For further details, refer to the databroker documentation.

Parameters:

scan_idint: Scan_id of the scan to be retrieved
db: databroker database
streamstring, optional: Selects the stream from which data will be loaded.
querydict, optional: Dictionary with search parameters for the database.
use_db_v1bool, optional: Chooses databroker API version between ‘v1’ or ‘v2’, defaults to ‘v1’.

Returns:

datapandas.DataFrame: Table with the data from the primary stream.

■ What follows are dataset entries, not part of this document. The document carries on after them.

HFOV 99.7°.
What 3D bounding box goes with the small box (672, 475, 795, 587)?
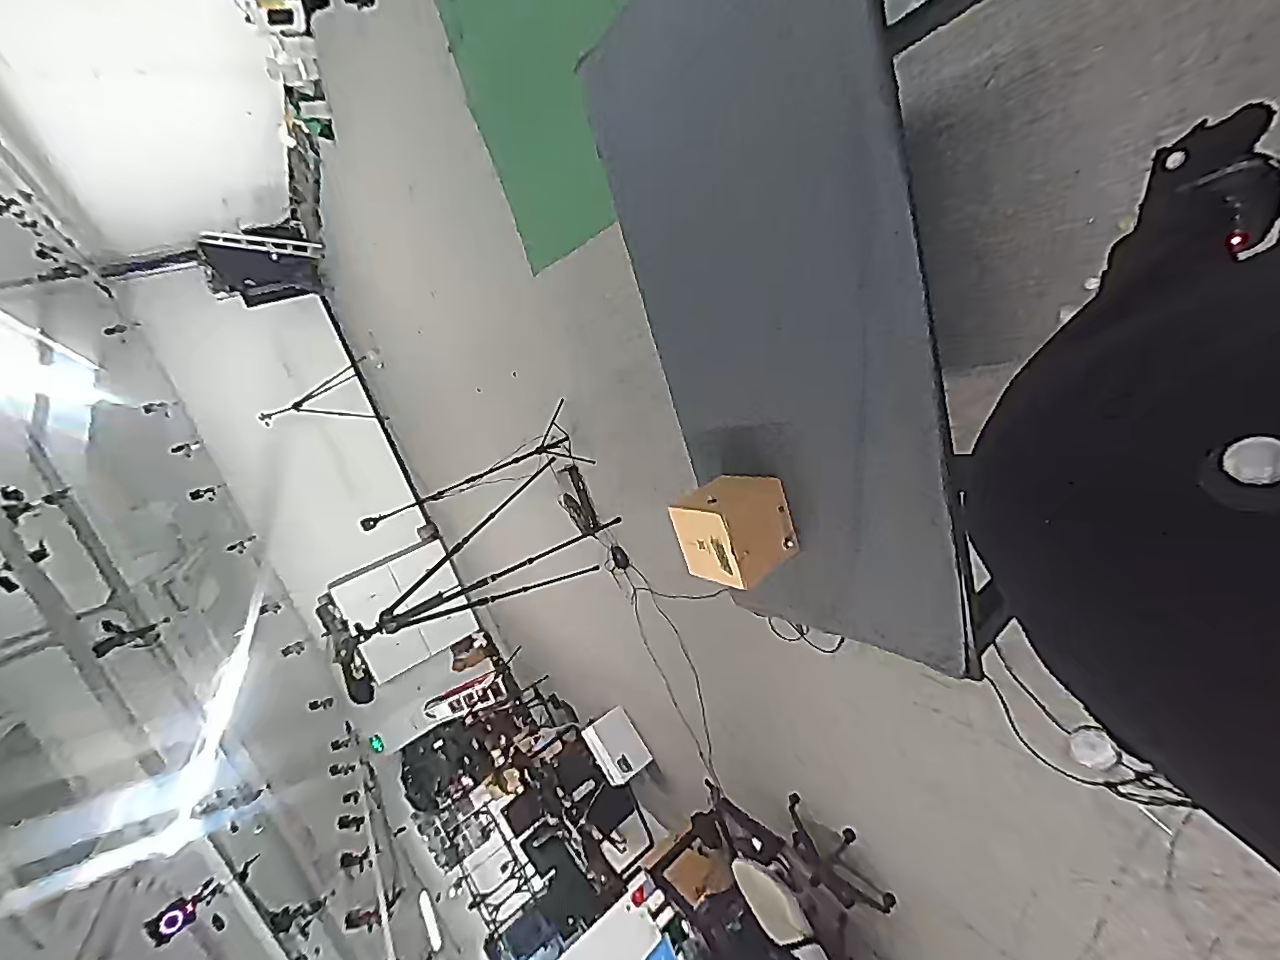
[{"bbox_3d":[0.202,0.097,1.129,0.179,0.176,0.168,4,117,57],"label":"small box"}]
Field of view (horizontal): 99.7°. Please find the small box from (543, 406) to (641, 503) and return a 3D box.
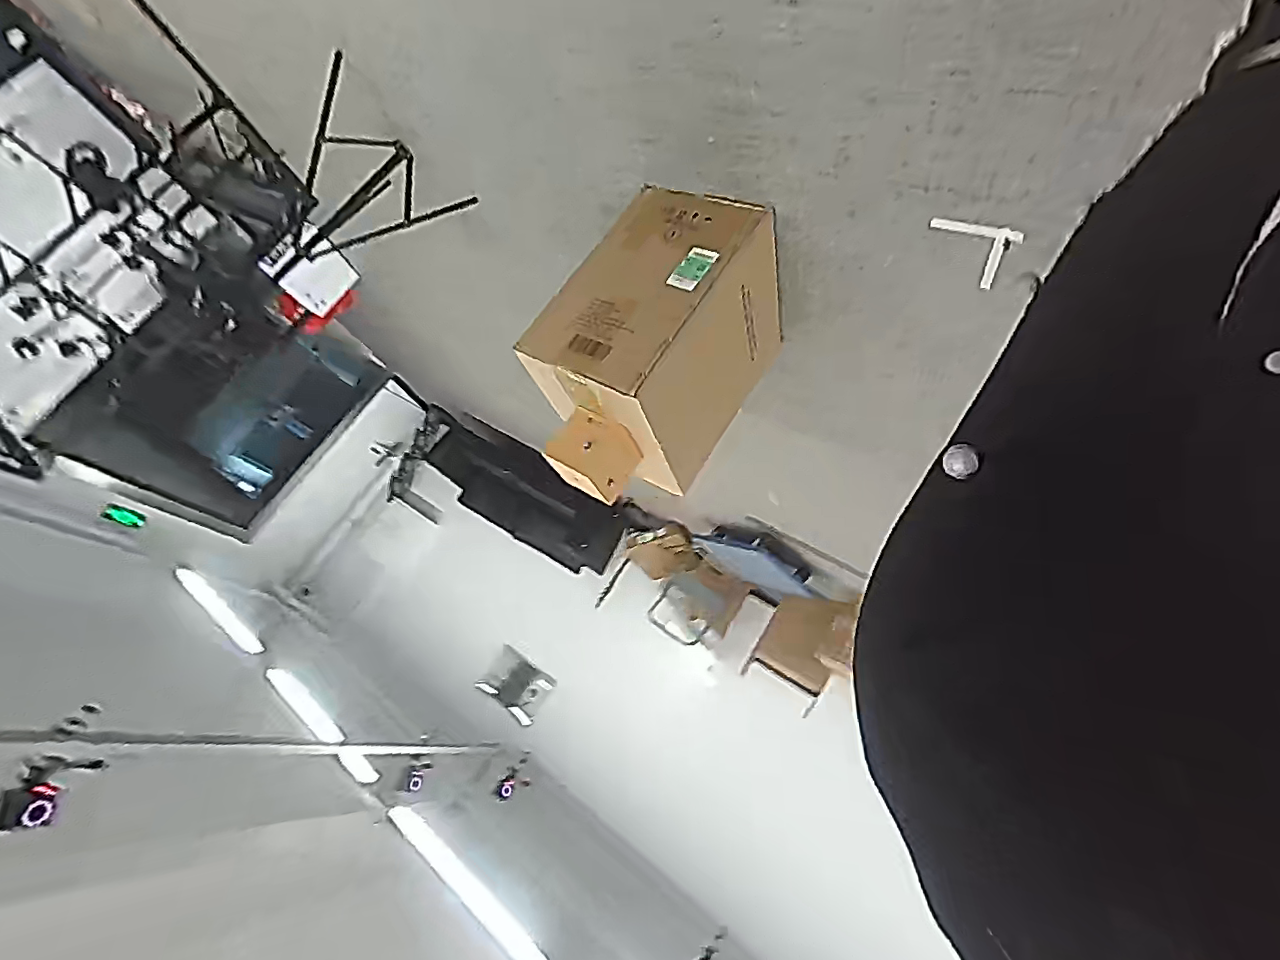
[{"bbox_3d":[-0.122,-0.071,1.447,0.168,0.176,0.179,26,164,27],"label":"small box"}]
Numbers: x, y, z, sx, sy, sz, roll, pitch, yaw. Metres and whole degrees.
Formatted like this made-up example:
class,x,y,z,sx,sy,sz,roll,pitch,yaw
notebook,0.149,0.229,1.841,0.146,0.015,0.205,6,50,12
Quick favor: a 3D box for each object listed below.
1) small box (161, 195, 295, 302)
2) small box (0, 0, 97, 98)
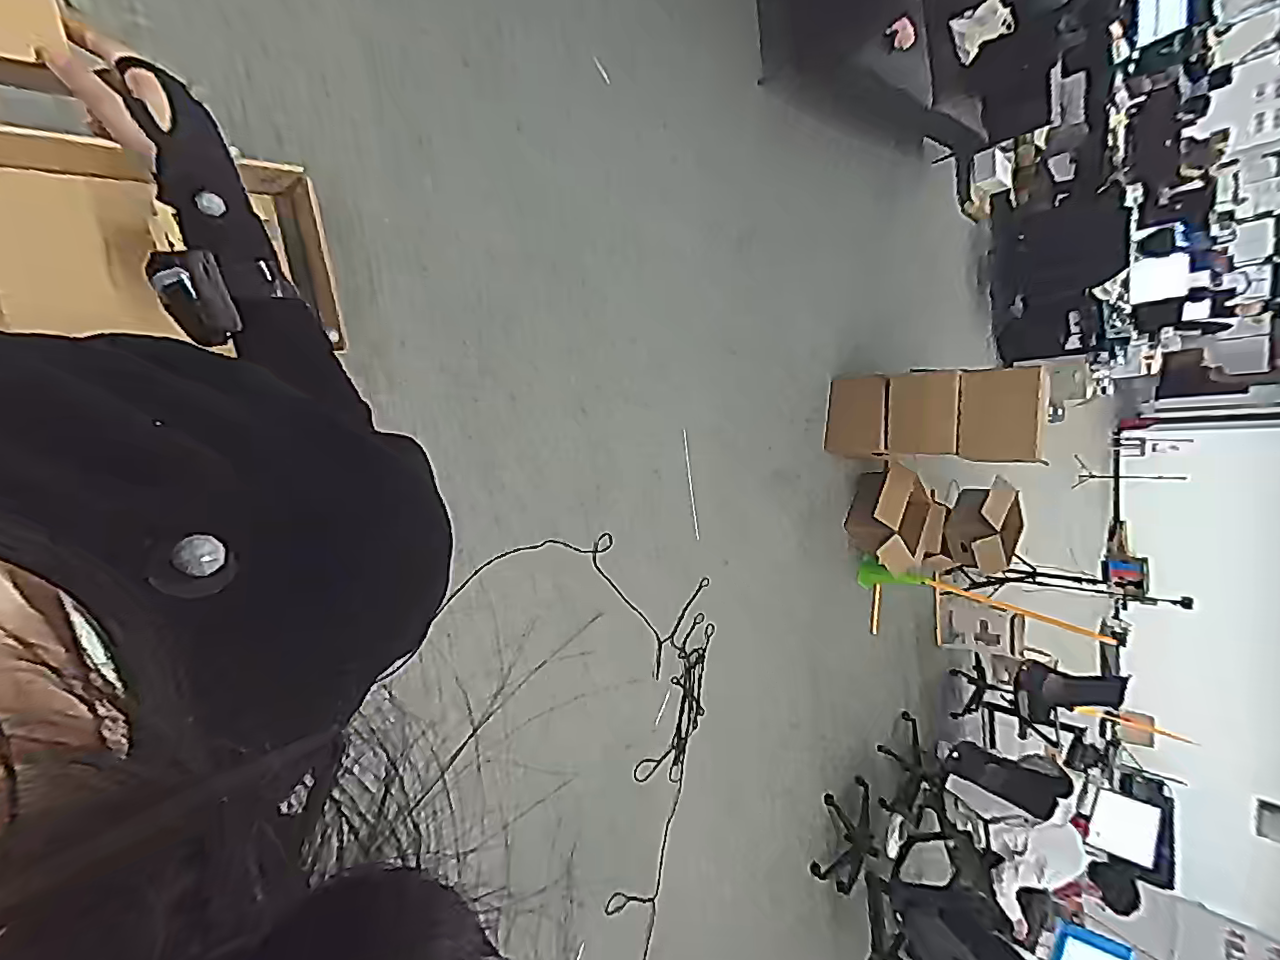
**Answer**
class,x,y,z,sx,sy,sz,roll,pitch,yaw
small box,-0.855,-0.477,1.126,0.179,0.176,0.168,-24,108,-38
small box,-0.493,-0.364,0.342,0.179,0.176,0.168,-14,120,-36
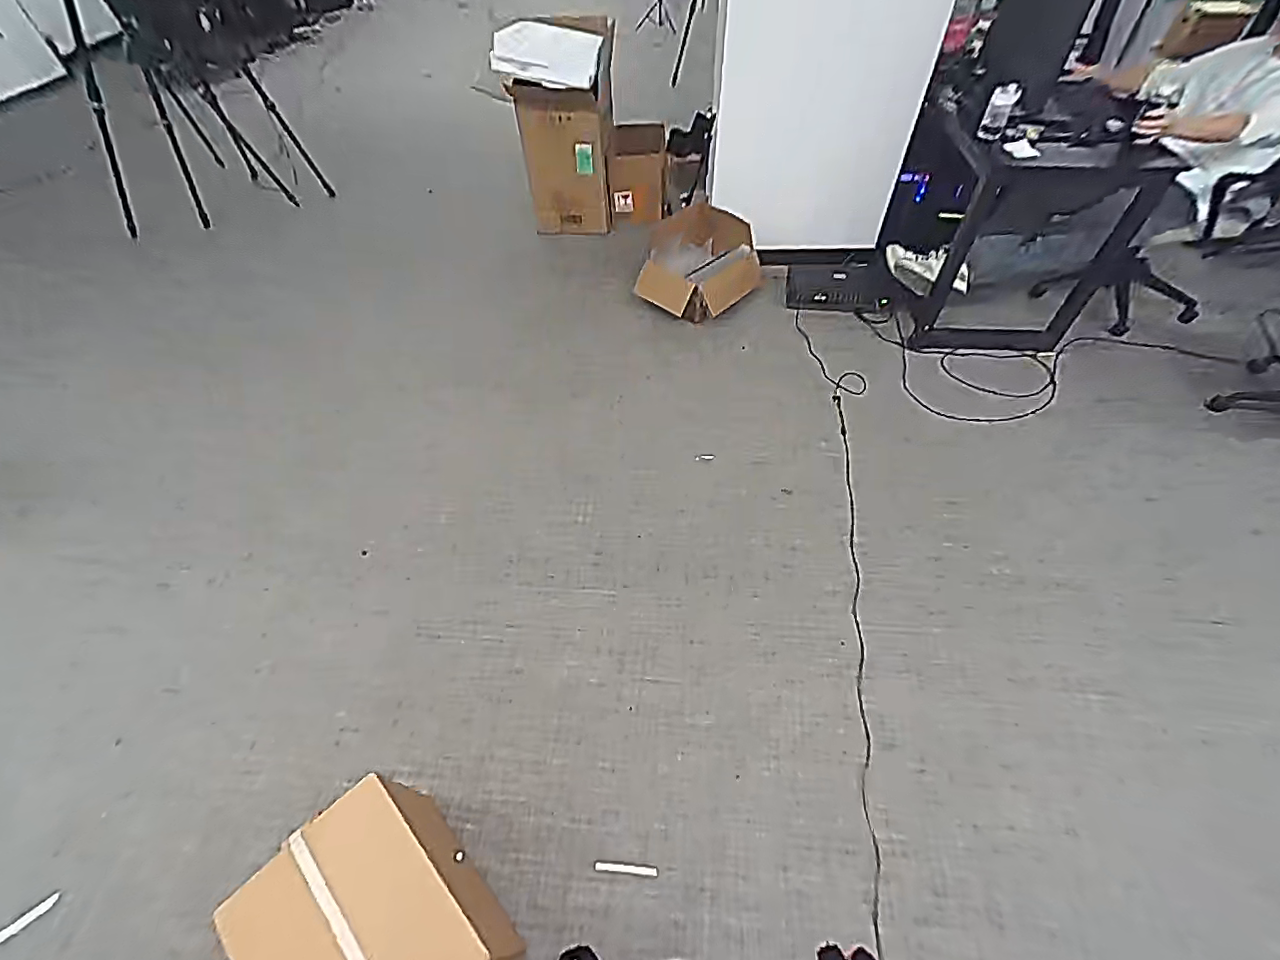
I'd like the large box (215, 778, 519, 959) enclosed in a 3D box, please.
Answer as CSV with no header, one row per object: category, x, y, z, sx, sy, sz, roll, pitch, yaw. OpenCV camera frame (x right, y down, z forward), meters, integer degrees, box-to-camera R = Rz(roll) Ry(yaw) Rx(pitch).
large box,-0.498,0.873,1.042,0.408,0.320,0.320,37,61,26
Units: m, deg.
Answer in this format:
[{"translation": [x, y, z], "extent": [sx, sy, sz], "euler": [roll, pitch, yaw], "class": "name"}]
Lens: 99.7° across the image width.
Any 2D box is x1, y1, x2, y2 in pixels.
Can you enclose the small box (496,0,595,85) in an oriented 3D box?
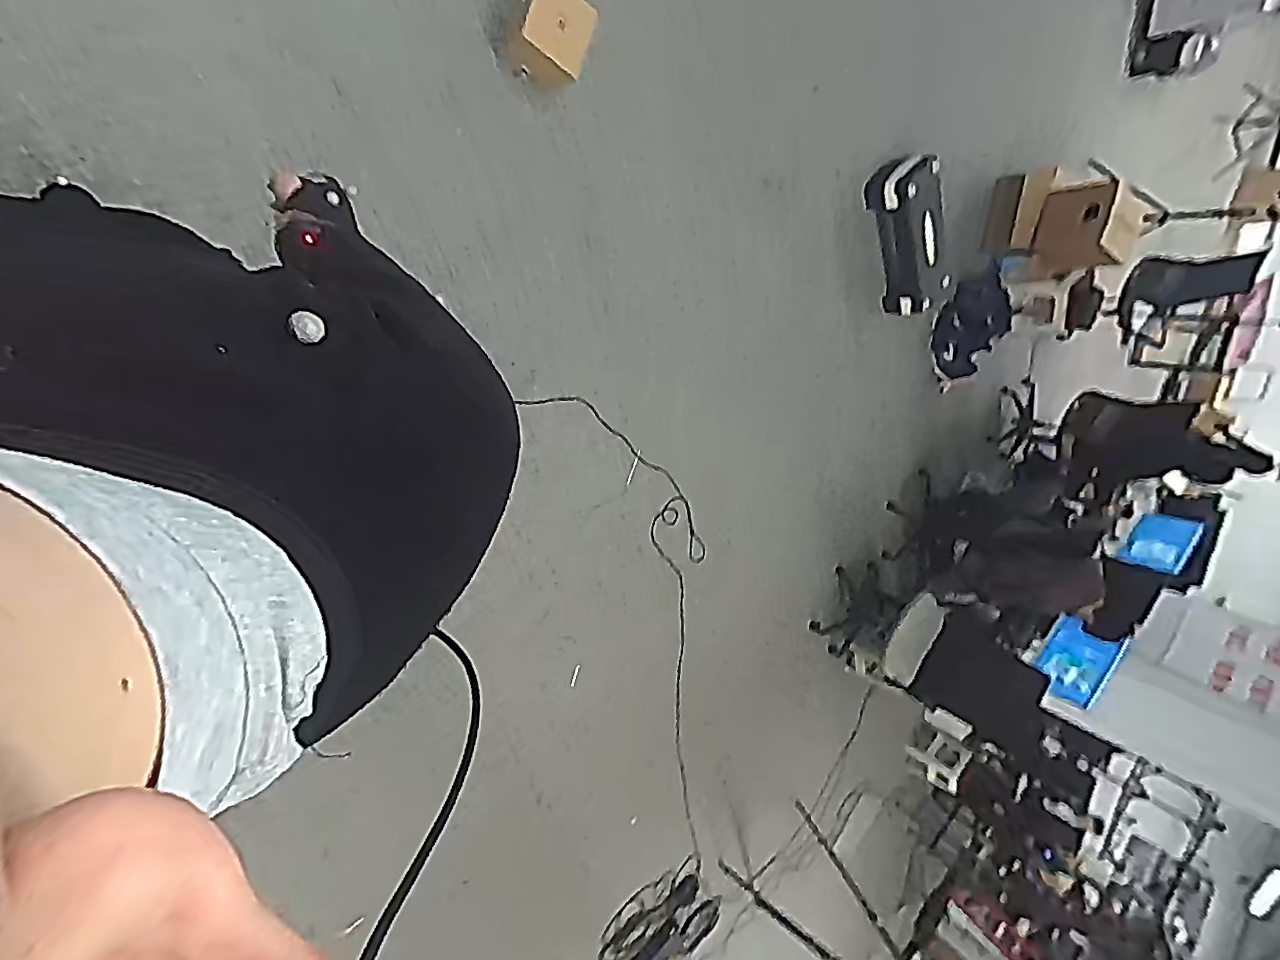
[{"translation": [-0.246, -1.161, 1.376], "extent": [0.168, 0.176, 0.179], "euler": [14, 99, -40], "class": "small box"}]

polartools.load_data.load_hdf5_data(scan, folder, fname_format='scan_{:06d}_master.hdf', h5_location='entry/instrument/bluesky/streams/primary')[source]¶

Wrapper that loads HDF files using h5py.

Parameters:

scan_idint: Scan_id of the scan to be retrieved.
folderstring, optional: Folder where the master files are located.
fname_formatstring, optional: General format of file name. The correct name must be retrievable through: file_name_format.format(scan_id)
h5_locationstring, optional: Location of the Bluesky data stream.

Returns:

datapandas.DataFrame: Table with the data from the primary stream.

See also

polartools.load_data.load_hdf5_master()
polartools.load_data.hdf5_to_dataframe()
h5py.File()

polartools.load_data.load_hdf5_master(scan, folder, fname_format='scan_{:06d}_master.hdf')[source]¶

Wrapper that loads HDF files using h5py.

Parameters:

scan_idint: Scan_id of the scan to be retrieved.
folderstring, optional: Folder where the master files are located.
fname_formatstring, optional: General format of file name. The correct name must be retrievable through: file_name_format.format(scan_id)

Returns:

datah5py.File: Loaded HDF file.

See also

h5py.File()

polartools.load_data.load_spec(scan_id, spec_file, folder='')[source]¶

Load data from spec file.

If spec_file is the file name, it will load the spec file internally which is time consuming.

Parameters:

scan_idint: Scan_id of the scan to be retrieved.
spec_filestring or spec2nexus.spec.SpecDataFile: Either the spec file name or a SpecDataFile instance.
folderstring, optional: Folder where spec file is located.

Returns:

datapandas.DataFrame: Table with the data from scan.

See also

spec2nexus.spec.SpecDataFile()

polartools.load_data.load_table(scan, source=None, **kwargs)[source]¶

Automated scan table loader.

The automation is based on the source argument.

if source == ‘csv’ -> uses load_csv.
else if source is a string or nexus2spec.spec.SpecDataFile -> uses load_spec.
else -> uses load_databroker.

Parameters:

scanint

Scan_id our uid. If scan_id is passed, it will load the last scan with that scan_id. See kwargs for search options.

sourcedatabroker database, name of the spec file, or ‘csv’

Note that applicable kwargs depend on this selection.

kwargs

The necessary kwargs are passed to the loading functions defined by the source argument:

csv -> possible kwargs: folder, name_format.
spec -> possible kwargs: folder.
databroker -> possible kwargs: stream, query, use_db_v1.

Note that a warning will be printed if the an unnecessary kwarg is passed.

Returns:

tablepandas.DataFrame: Table with the scan data.

See also

polartools.load_data.load_databroker()
polartools.load_data.load_csv()
polartools.load_data.load_spec()

polartools.load_data.lookup_position(db, scan, search_string='', query=None)[source]¶

Lookup positioner values in past scans.

Parameters:

dbdatabroker database: Searcheable database
scaninteger: Scan numbers or uids.
search_stringstring: Full or part of positioner name.
query: dict: Search parameters.

Returns:

output: list

polartools.load_data.show_meta(last=None, scans=None, scans_to=None, db=None, query=None, meta_keys='short', table_fmt='plain')[source]¶

Print metadata of scans.

Parameters:

lastint: last number of scans to be displayed
scansint, list: List of scan numbers to process.
scans_toint, list: Final scan number to process. Note that this is only meaningful if an integer is passed to scans.
dbdatabroker database (optional): Searcheable database
querydictionary, optional: Search parameters.
meta_keysstring or iterable, optional: List with metadata keys to read. There are two preset metadata lists that can be used with meta_keys=”short” or meta_keys=”long”.